The bottled water purification process

All of this must meet those federal guidelines drawn up by the FDA. These include good manufacturing practices, sanitary facilities and operations, quality standards, labeling standards, and quality production controls and processes. States will also regulate via inspections of both the source and the production facility, and this varies greatly from state to state. Finally, the processes must meet industry standards, which are stricter than the FDA. The IBWA states that it maintains its own set of standards, where all members are subject to an annual, unannounced plant inspection by a nationally recognized third-party organization.

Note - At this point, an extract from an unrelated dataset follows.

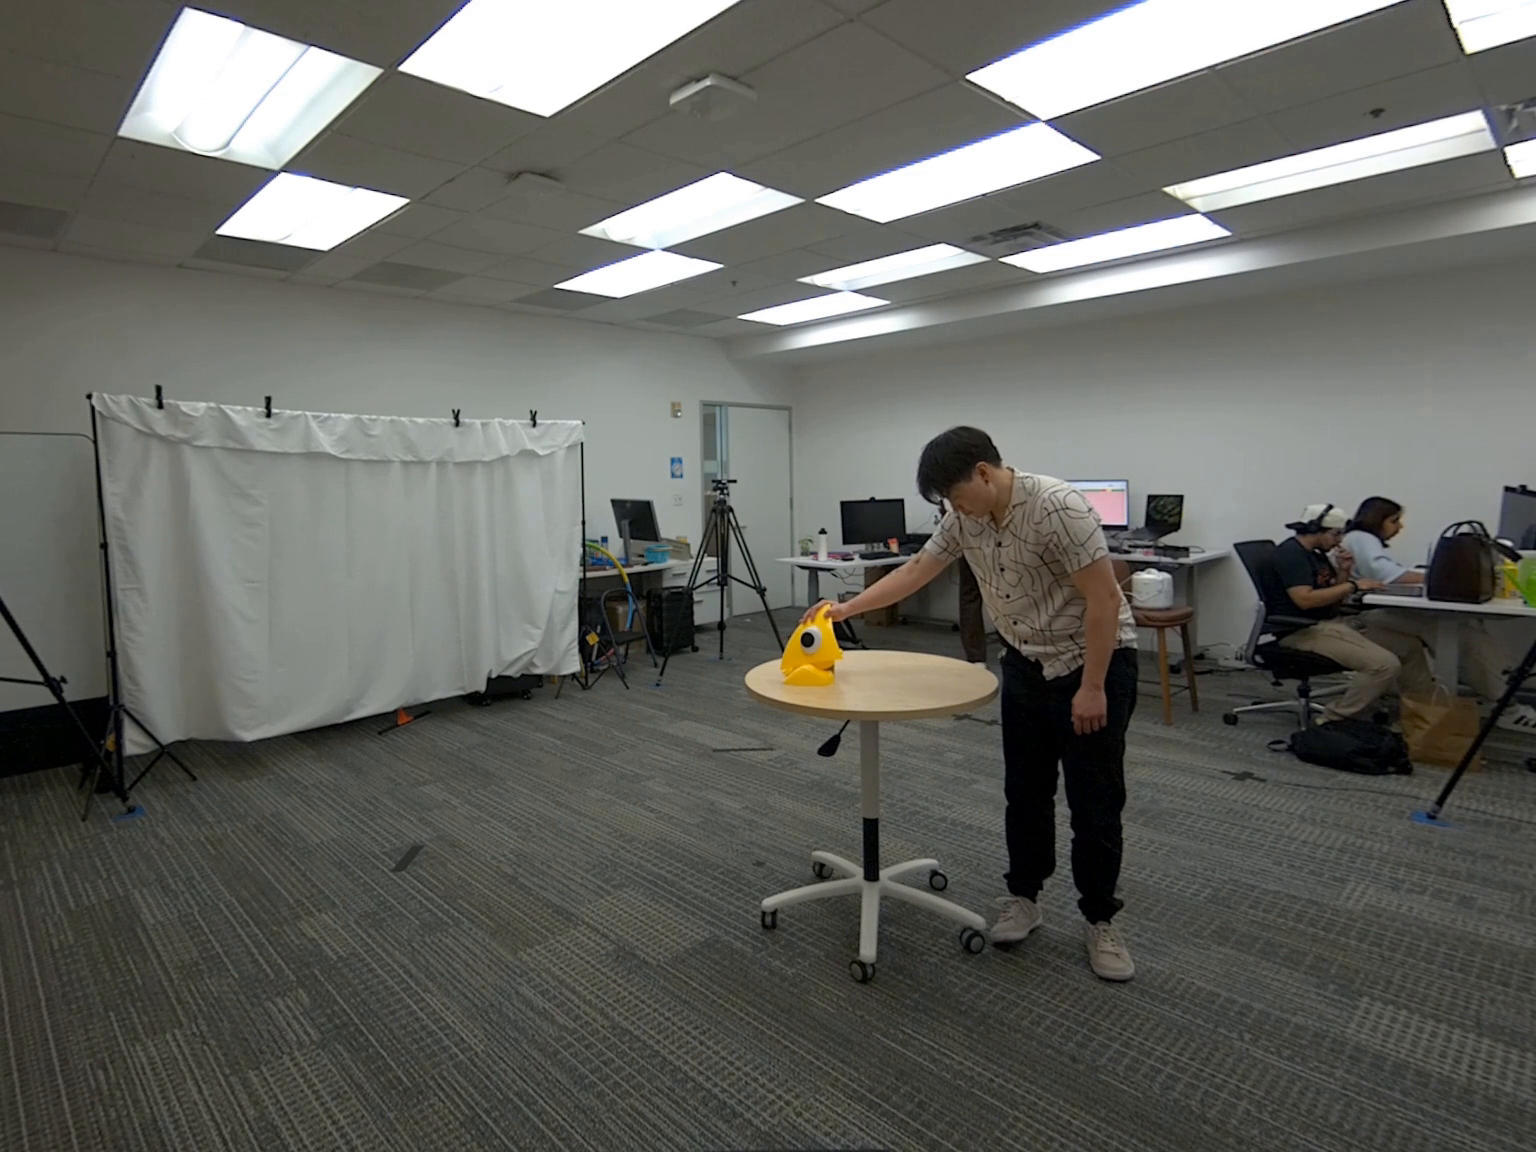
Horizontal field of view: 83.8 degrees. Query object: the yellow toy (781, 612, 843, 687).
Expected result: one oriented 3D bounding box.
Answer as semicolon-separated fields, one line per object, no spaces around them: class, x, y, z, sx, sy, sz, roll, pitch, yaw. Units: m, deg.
yellow toy;0.135;0.201;2.641;0.193;0.229;0.205;-1;5;1

Not all water bottles are members of this trade organization, but more than 80% of water does come from member companies. It may be best to drink water from an IBWA member, as this process has three agencies watching, rather than just two. Now that we know a little about the process and regulations, let's look at the process a little closer on specific types of water. Yes. The process is a little more complicated than filling a bottle and capping it. In fact, deciding to carry bottled water requires much insight, with two major considerations being the water source and what equipment will be used to produce it.

Source: The source of water plays a key role in the quantity and quality of water one wants to produce, as well as to remain profitable. About a quarter of all bottled water comes from municipal supplies, with the rest coming from natural sources like springs and wells. But, regardless of where the water is flowing from, is privy to all the aforementioned testing from the agencies. One thing to take into consideration is whether organic and inorganic compounds are present at the source and if it is practical or not to invest in equipment to remove them.

Equipment: Who wants water that is not clear, smells funny and tastes weird? The organic compounds, like metal ions, in water can contribute to these things. So, the processes mentioned above can help literally clear up the water. To reiterate, these are some of the processes: Membrane filtration can remove organic impurities, metal, and other ions. Ozonization can break down organic constituents and reduce their odor potential while also sanitizing to minimize further microbial contamination. But, whichever filtration system is chosen, the plant will be built to spec.

The two biggest selling types of bottled water are spring water and purified water. And, although the end result may taste the same, the processes of filtering are quite different. With spring water, the source must be an actual spring. The label must say so. And, the spring must be able to sustain the water production to make the choice to bottle it from there an economical choice. A typical spring water treatment process includes a filtration system that generally runs in series5-micron filtration to 0.2-micron filtration. After the filtration process, the spring water is then usually treated with ozone to disinfect and preserve the water in the bottle. By maintaining the nature of the spring water, ozone is considered to be an acceptable disinfectant. Ozone oxidizes bacteria and organic materials and, over time, reverts back to oxygen.

Purified water is the most highly treated and closely regulated bottled water produced by the FDA and IBWA, but also offers the most consistent and highest quality water to the consumer. It is noted that consumers of bottled water prefer the taste of purified water over other types. Bottlers say the consistent flavor is a result of the purification process. There are three primary processes used to produce purified water: deionization, distillation and reverse osmosis. Most bottlers choose RO over the others because of the many advantages, including reduced cost and increased performance. Some of these advantages also include removing nearly all organic compounds and up to 99% of ions and it rejects 99% of viruses, bacteria, and fever-producing substances. Also, RO is more energy efficient.

So the next time you pick a case of water off the shelf, look closer at the label. Now that you have read up on the process, you can tell the difference between the identical-looking fluids. You will know where it came from, how it was regulated, how it was purified, and which is the safest. To bottle water at home, reverse osmosis filters can be purchased which will save money in the long run, as the average American spends over $300 per year on bottled water.